🤖 AI Summary
In automotive manufacturing, visual quality inspection heavily relies on large-scale manually annotated real-world data, incurring prohibitive labeling costs. To address this, we propose a novel unsupervised image classification paradigm: leveraging DINOv2 to extract robust visual features, constructing a feature database from high-fidelity synthetically generated reference images, and performing defect identification via cosine similarity–based nearest-neighbor retrieval. Crucially, our approach is the first to substitute real annotated samples entirely with high-quality synthetic data, eliminating dependence on extensive real-world annotations. The resulting end-to-end inspection framework achieves production-grade performance across eight real-world assembly line tasks, matching the classification accuracy of fully supervised models while drastically reducing data acquisition and annotation overhead.

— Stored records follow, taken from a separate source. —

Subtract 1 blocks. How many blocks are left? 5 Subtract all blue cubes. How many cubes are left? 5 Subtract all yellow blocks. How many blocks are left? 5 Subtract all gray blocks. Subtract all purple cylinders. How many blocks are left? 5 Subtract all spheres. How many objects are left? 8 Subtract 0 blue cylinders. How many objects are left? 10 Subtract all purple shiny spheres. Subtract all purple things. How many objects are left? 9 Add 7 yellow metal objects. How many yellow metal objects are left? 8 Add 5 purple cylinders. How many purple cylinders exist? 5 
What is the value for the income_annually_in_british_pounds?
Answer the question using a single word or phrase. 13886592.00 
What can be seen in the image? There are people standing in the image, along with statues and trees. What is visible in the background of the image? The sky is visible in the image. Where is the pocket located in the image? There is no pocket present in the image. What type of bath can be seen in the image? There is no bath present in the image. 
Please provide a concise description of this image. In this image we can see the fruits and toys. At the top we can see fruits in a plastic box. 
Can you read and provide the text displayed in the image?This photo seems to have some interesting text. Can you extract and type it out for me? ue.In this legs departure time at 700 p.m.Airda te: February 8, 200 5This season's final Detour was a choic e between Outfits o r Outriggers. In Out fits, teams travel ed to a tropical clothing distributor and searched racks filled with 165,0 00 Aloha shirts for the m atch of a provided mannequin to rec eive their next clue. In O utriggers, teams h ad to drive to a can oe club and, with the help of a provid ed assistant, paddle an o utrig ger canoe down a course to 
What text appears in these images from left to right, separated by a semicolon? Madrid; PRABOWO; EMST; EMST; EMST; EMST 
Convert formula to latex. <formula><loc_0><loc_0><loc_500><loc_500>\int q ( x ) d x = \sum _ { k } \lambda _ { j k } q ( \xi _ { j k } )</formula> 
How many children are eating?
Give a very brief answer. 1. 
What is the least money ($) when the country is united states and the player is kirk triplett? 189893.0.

This work establishes a scalable, cost-effective pathway for deploying industrial visual inspection systems.
📝 Abstract
Visual quality inspection in automotive production is essential for ensuring the safety and reliability of vehicles. Computer vision (CV) has become a popular solution for these inspections due to its cost-effectiveness and reliability. However, CV models require large, annotated datasets, which are costly and time-consuming to collect. To reduce the need for extensive training data, we propose a novel image classification pipeline that combines similarity search using a vision-based foundation model with synthetic data. Our approach leverages a DINOv2 model to transform input images into feature vectors, which are then compared to pre-classified reference images using cosine distance measurements. By utilizing synthetic data instead of real images as references, our pipeline achieves high classification accuracy without relying on real data. We evaluate this approach in eight real-world inspection scenarios and demonstrate that it meets the high performance requirements of production environments.